> TASK DESCRIPTION:
Here the answer should be the line with "Answer yes or no. Yes. Is Coral" and all the lines after it through the end of the listing, each repeated exactly, and no other text.

*** RECORD SET Section Begins ***

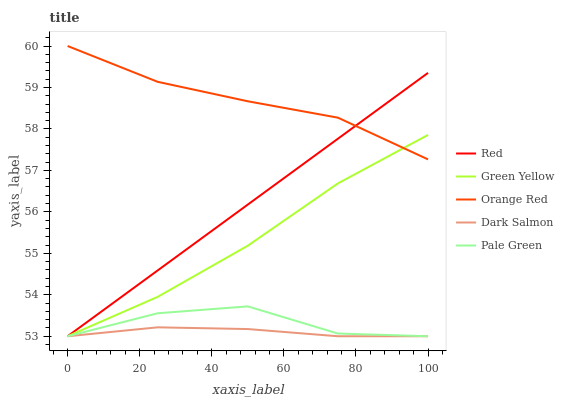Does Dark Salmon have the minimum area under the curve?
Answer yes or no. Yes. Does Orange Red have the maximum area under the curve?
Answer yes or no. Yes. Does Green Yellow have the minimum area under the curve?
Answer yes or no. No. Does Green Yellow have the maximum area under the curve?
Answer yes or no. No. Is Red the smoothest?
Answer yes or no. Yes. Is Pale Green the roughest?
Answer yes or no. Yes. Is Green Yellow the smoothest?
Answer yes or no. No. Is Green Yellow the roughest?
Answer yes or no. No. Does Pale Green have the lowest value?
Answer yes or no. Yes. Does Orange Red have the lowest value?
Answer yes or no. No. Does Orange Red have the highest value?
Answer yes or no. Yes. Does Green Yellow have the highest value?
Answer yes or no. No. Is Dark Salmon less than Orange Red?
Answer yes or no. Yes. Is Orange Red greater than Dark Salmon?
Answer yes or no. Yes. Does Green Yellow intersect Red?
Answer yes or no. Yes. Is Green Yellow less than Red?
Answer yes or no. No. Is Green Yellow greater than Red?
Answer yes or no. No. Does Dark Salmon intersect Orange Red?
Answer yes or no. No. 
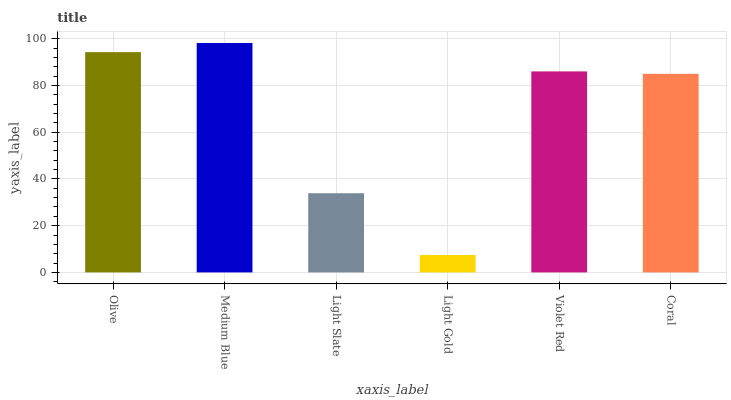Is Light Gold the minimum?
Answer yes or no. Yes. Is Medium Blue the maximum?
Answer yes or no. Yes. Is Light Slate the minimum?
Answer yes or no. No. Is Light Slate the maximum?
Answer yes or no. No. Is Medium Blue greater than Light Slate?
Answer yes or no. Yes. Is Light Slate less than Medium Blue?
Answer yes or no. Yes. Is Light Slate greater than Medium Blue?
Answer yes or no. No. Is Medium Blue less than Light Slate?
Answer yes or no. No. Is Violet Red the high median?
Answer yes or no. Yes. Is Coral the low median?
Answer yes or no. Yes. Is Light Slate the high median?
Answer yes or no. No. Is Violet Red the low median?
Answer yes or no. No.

*** RECORD SET Section Ends ***

> COMPLETED EXERCISE:
Answer yes or no. Yes. Is Coral the low median?
Answer yes or no. Yes. Is Light Slate the high median?
Answer yes or no. No. Is Violet Red the low median?
Answer yes or no. No.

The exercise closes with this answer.